## WHAT IS BEING ASKED
From the records below, please return each line that holds the word "above".

*** Opening DATASET ***

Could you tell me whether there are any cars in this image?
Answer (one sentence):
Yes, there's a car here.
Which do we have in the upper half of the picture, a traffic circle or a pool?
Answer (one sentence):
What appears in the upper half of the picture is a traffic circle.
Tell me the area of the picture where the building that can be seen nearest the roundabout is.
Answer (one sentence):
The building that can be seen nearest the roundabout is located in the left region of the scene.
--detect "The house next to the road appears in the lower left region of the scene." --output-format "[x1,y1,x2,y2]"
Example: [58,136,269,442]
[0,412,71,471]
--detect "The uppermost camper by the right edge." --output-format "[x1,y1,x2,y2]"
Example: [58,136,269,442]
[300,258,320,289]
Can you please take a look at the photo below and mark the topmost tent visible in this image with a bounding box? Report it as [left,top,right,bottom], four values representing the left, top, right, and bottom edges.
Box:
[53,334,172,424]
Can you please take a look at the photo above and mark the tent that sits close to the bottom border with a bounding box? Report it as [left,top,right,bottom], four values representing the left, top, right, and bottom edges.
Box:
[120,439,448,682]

*** Closing DATASET ***
*** Opening DATASET ***

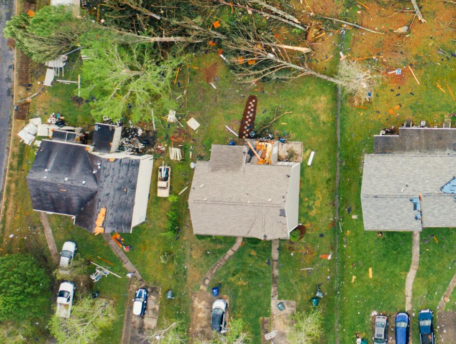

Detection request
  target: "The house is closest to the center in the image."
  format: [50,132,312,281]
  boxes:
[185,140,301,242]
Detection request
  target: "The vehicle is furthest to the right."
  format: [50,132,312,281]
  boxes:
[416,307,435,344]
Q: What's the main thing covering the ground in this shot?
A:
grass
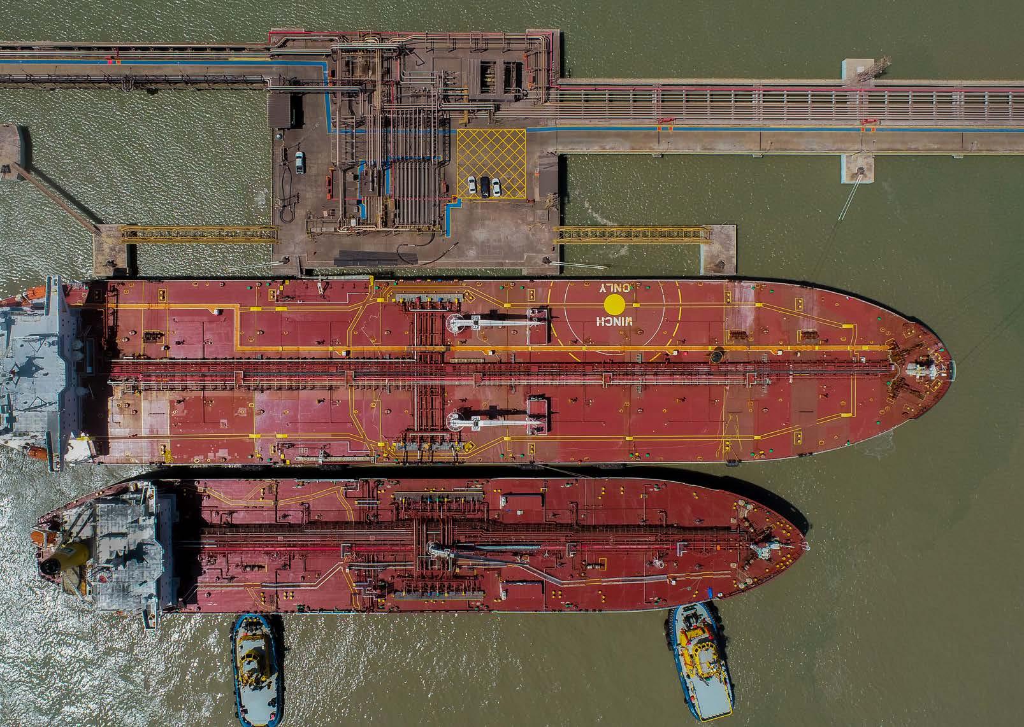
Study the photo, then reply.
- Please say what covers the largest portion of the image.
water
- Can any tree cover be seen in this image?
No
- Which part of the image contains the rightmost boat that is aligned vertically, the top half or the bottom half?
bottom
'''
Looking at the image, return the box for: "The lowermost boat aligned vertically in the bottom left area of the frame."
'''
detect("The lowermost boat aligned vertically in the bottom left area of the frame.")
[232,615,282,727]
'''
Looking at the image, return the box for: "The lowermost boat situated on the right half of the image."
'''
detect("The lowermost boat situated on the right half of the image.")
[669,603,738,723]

*** Closing DATASET ***
*** Opening DATASET ***

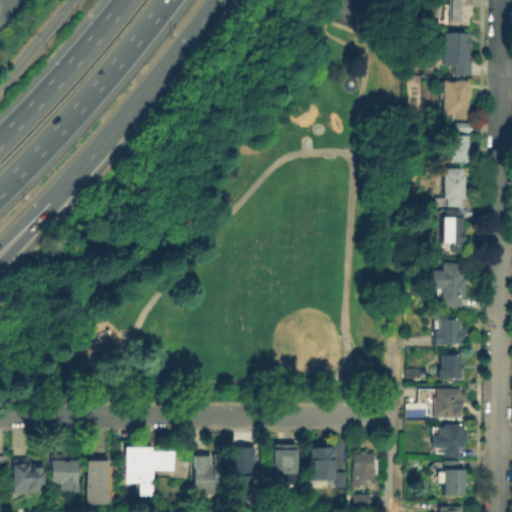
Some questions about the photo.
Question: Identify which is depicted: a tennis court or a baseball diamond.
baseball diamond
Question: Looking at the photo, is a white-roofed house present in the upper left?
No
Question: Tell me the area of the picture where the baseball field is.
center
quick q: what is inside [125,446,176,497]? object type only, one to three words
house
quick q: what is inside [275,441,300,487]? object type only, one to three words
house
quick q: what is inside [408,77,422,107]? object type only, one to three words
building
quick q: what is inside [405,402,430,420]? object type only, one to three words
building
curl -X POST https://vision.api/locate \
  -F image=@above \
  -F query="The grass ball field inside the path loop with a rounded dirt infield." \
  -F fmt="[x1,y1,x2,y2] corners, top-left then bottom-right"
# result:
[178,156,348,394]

*** Closing DATASET ***

## ANSWER BOX
Can you please take a look at the photo above and mark the tent that sits close to the bottom border with a bounding box? Report it as [left,top,right,bottom], four values representing the left, top, right, and bottom edges.
  -F image=@above \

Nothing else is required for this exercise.